/---
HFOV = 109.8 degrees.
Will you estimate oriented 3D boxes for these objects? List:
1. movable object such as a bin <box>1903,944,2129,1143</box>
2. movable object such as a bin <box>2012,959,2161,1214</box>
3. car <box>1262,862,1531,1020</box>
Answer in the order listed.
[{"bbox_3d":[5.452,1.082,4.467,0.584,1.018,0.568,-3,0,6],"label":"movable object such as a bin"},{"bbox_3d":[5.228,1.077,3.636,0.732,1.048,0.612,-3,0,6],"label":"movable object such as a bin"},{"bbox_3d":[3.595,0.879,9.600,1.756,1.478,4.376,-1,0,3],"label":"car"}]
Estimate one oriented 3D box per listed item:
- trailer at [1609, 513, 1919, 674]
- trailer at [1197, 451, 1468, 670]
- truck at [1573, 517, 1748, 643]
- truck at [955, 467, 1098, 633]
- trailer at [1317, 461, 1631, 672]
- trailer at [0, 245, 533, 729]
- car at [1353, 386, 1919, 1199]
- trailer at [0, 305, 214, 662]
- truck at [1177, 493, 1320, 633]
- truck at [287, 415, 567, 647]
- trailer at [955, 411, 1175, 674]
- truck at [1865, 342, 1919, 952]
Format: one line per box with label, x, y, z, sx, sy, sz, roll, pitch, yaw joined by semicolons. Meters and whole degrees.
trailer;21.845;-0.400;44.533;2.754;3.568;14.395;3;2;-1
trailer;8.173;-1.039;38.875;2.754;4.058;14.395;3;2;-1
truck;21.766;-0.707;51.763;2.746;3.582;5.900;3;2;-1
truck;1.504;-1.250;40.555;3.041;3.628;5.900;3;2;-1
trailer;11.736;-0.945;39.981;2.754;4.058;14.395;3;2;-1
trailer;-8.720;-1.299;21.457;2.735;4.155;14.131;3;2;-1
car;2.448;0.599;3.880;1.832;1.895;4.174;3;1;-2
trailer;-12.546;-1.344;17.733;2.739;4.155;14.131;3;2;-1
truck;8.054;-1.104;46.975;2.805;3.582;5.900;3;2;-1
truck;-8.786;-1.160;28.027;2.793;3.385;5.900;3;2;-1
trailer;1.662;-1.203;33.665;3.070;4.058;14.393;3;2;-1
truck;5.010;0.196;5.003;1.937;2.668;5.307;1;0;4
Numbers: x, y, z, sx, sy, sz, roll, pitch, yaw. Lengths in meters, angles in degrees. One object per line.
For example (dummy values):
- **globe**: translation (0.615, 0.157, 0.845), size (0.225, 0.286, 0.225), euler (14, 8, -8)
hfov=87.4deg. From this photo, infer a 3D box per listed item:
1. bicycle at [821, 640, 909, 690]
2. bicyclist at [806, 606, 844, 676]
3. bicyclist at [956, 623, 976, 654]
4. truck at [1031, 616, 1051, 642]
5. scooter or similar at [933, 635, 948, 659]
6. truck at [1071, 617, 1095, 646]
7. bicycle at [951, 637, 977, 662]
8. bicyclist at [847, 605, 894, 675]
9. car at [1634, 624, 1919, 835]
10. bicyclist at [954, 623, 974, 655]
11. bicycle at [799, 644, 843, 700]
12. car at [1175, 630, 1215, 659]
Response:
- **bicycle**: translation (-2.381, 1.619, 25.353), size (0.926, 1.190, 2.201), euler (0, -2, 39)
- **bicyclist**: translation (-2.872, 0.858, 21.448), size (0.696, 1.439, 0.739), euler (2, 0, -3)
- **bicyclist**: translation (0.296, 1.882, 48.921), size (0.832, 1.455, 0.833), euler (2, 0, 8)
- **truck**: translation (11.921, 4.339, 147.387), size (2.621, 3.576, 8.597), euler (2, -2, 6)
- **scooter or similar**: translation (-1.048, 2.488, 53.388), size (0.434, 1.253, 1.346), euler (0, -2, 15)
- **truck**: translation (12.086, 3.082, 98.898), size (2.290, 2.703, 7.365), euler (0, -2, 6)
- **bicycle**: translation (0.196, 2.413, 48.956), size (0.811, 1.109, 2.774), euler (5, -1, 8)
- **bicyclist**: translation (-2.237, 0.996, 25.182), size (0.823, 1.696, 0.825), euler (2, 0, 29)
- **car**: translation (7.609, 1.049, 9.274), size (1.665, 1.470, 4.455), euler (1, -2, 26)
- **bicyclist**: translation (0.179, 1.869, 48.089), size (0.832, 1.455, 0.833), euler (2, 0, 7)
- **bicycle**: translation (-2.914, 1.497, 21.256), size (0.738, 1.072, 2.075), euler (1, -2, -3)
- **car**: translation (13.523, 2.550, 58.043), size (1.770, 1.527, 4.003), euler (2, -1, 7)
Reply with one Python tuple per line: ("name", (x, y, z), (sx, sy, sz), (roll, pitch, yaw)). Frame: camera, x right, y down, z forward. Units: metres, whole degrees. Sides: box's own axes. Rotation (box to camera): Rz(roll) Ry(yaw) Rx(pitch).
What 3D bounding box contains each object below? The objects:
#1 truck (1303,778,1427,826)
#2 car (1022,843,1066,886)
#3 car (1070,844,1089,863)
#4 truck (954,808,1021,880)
\---
- [Problem to work on]: Scan the lines above, and whenever one holds the string "objects", copy it.

- [Exercise output]:
Will you estimate oriented 3D boxes for these objects? List:
What 3D bounding box contains each object below? The objects:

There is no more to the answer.